Exercise objective -
In the listing below, find the line containing "title: Little Dear, from" and the line containing "tags: satire,heads,deer". Repeat exactly those two lines and every line between them.

● ● ● ●

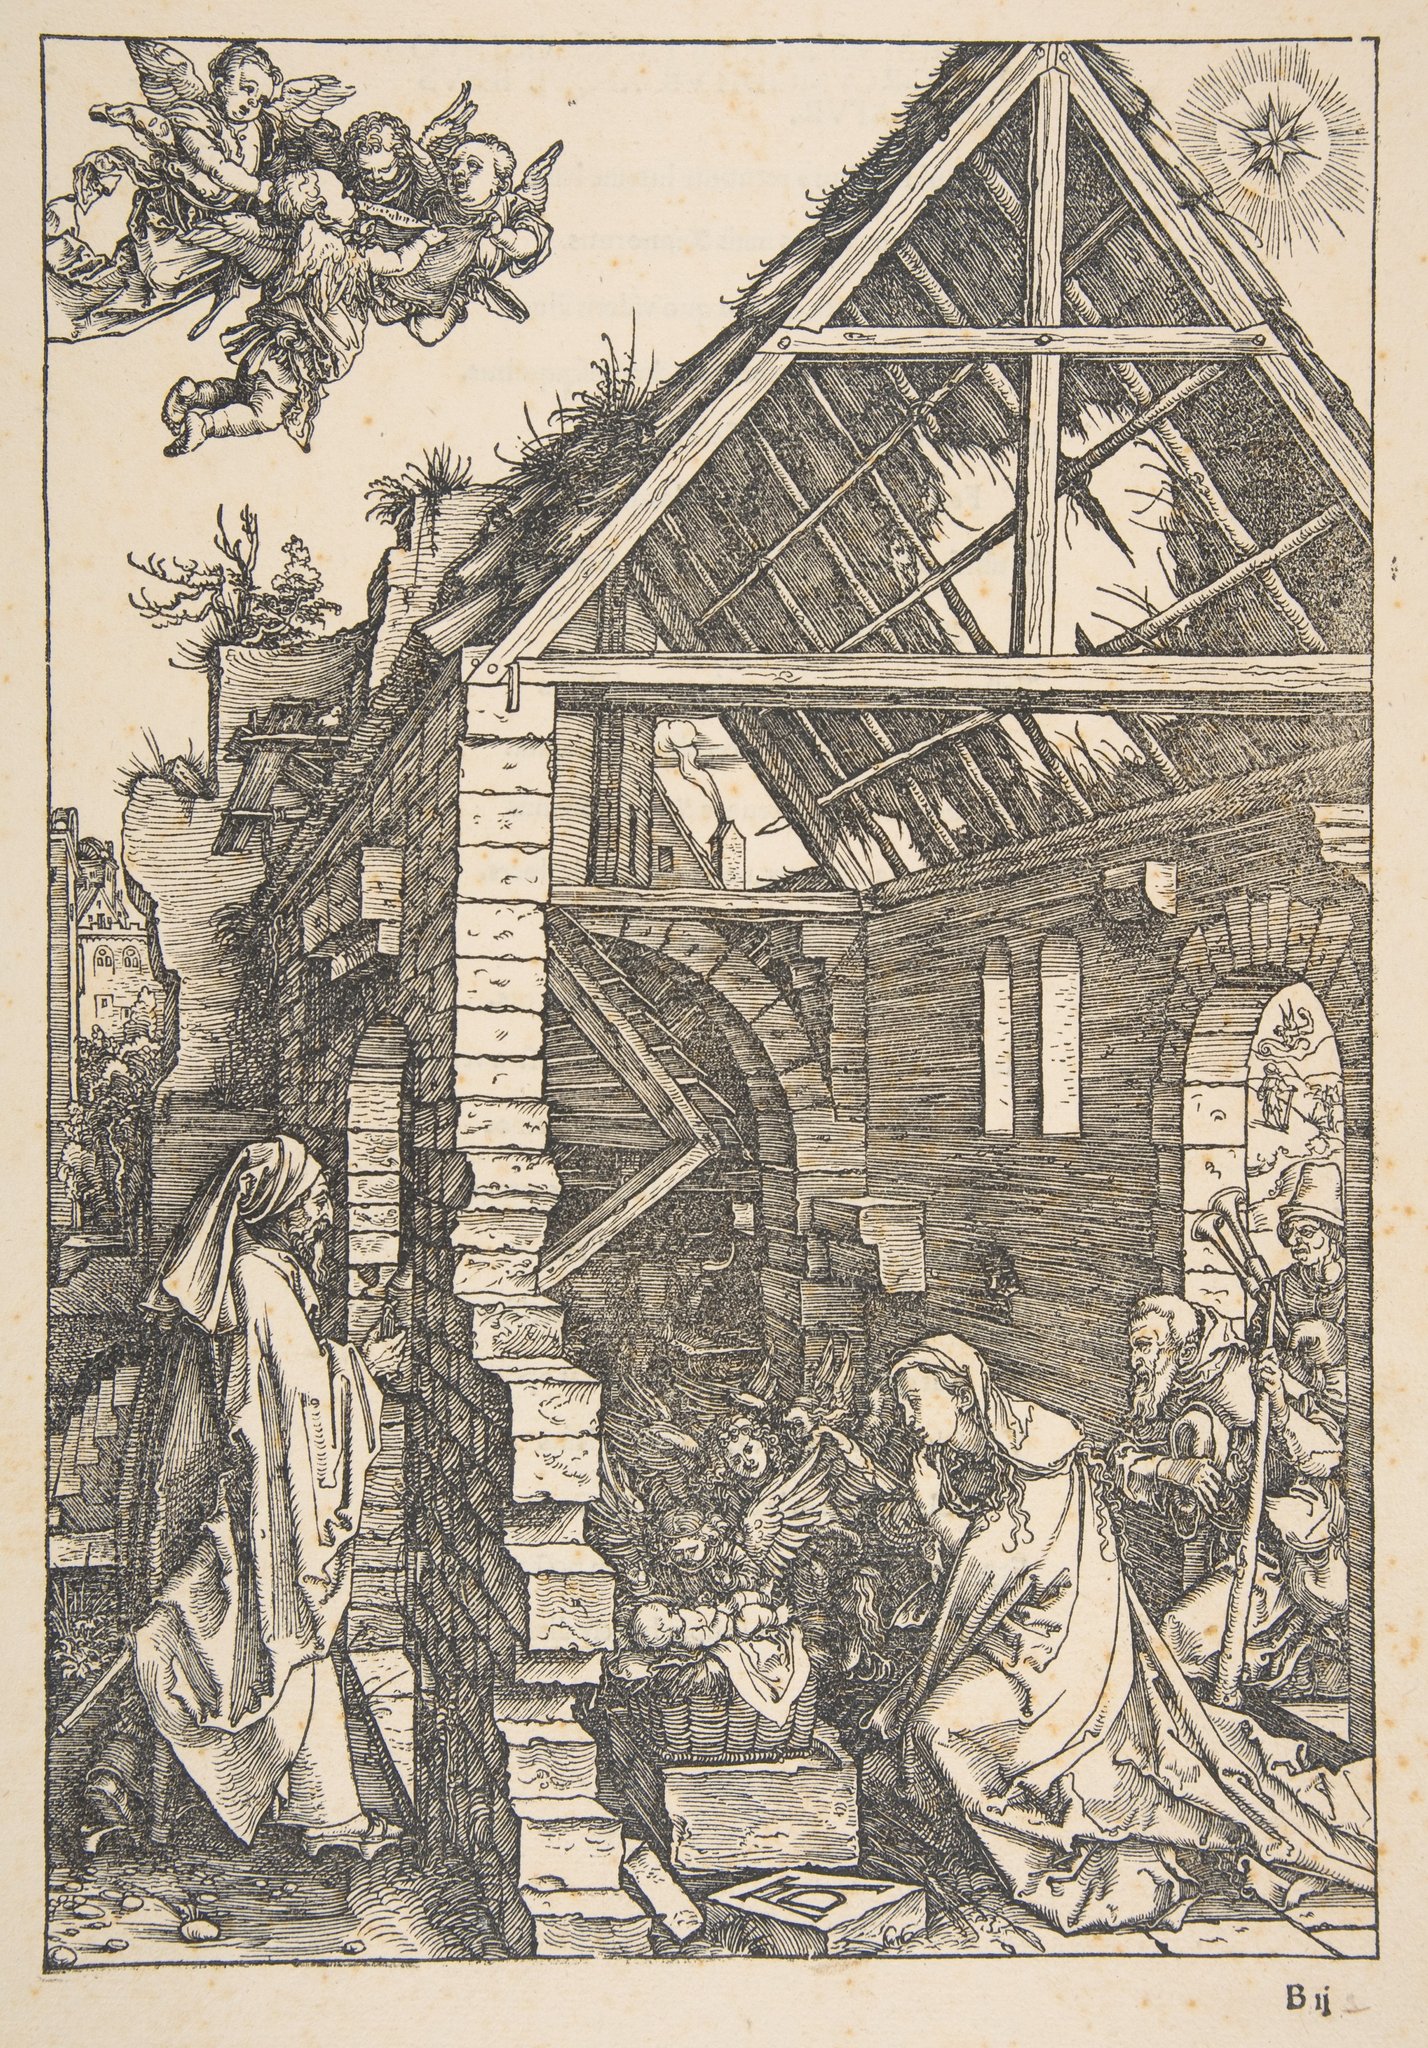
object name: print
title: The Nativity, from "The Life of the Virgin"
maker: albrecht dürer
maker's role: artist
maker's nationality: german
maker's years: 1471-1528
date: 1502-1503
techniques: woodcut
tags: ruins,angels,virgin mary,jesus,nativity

● ● ● ●

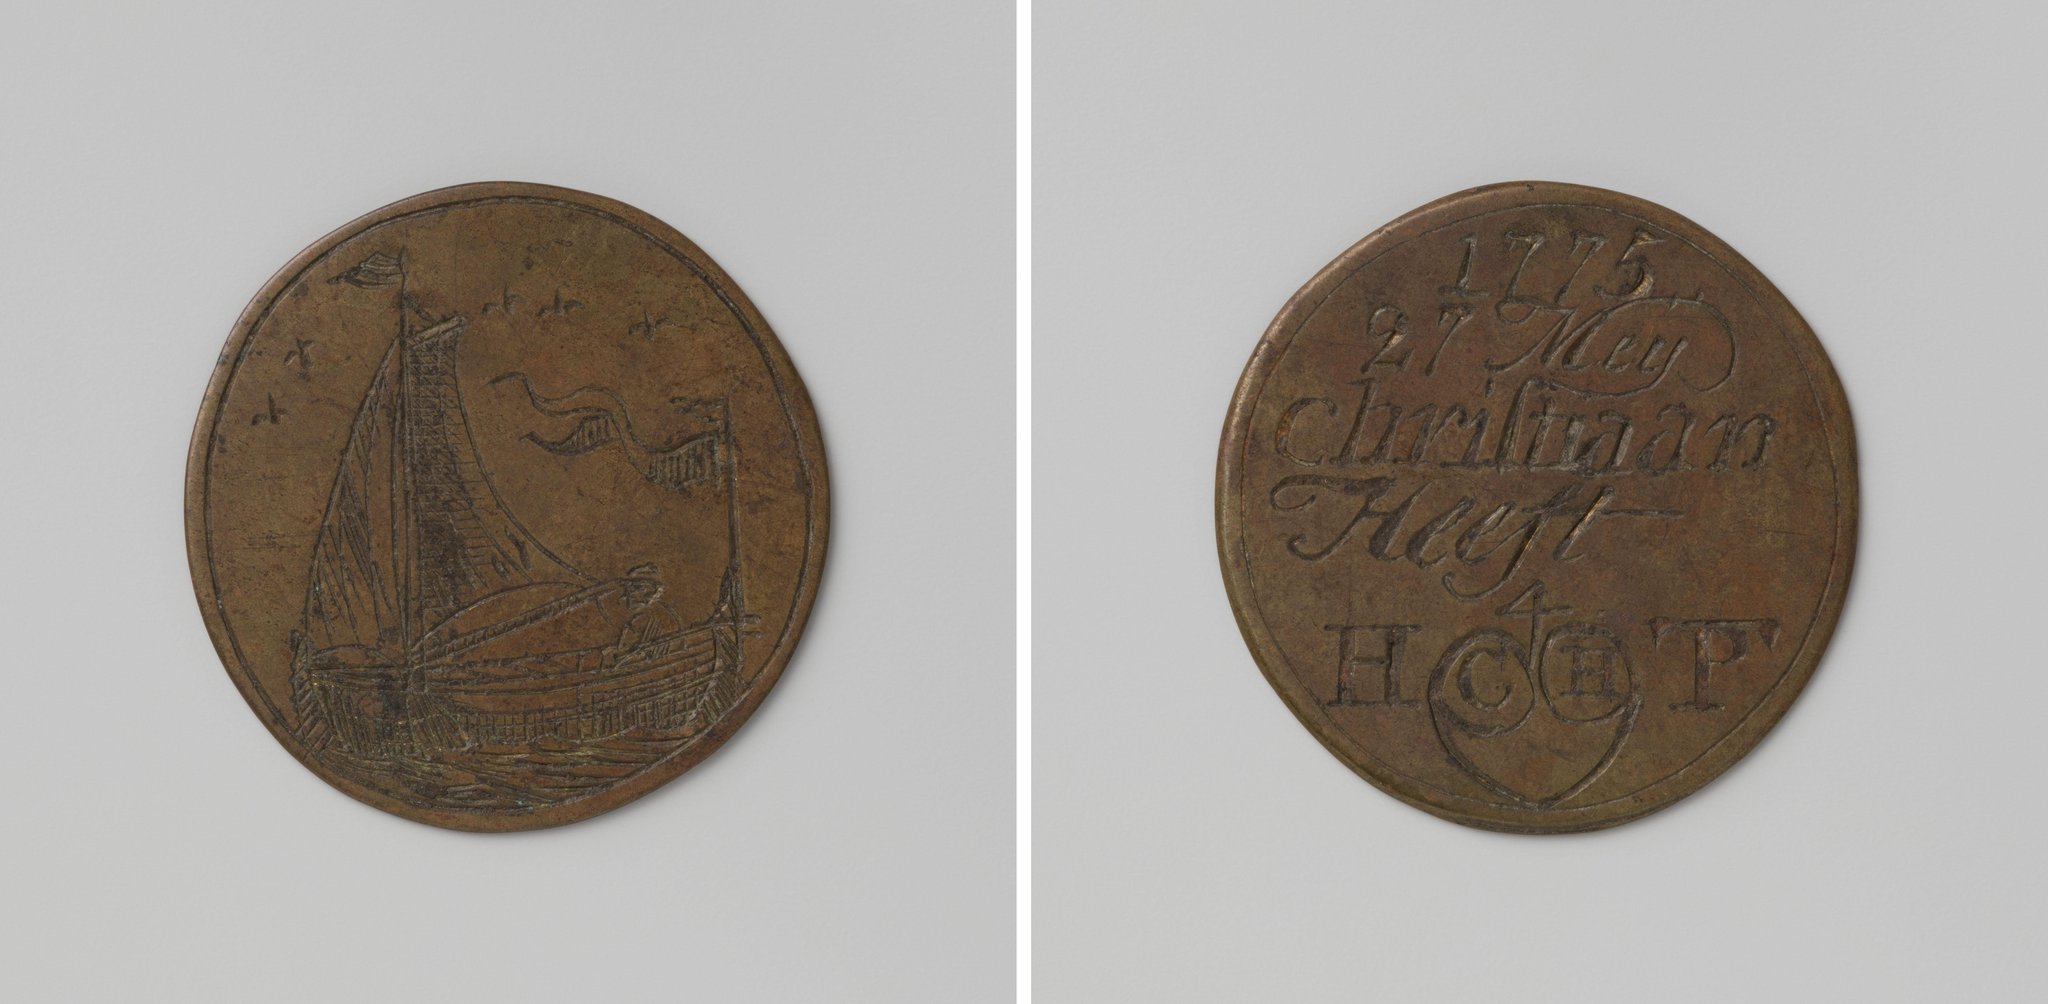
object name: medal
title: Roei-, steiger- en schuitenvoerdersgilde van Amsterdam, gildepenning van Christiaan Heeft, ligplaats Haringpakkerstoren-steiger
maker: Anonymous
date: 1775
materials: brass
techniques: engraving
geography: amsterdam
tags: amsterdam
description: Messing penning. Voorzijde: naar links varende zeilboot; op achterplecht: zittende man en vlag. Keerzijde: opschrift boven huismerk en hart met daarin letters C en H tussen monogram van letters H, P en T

● ● ● ●

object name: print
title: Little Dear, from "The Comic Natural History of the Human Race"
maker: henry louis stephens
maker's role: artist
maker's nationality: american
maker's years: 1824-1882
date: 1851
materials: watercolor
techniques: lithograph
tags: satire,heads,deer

● ● ● ●

Exercise solution -
title: Little Dear, from "The Comic Natural History of the Human Race"
maker: henry louis stephens
maker's role: artist
maker's nationality: american
maker's years: 1824-1882
date: 1851
materials: watercolor
techniques: lithograph
tags: satire,heads,deer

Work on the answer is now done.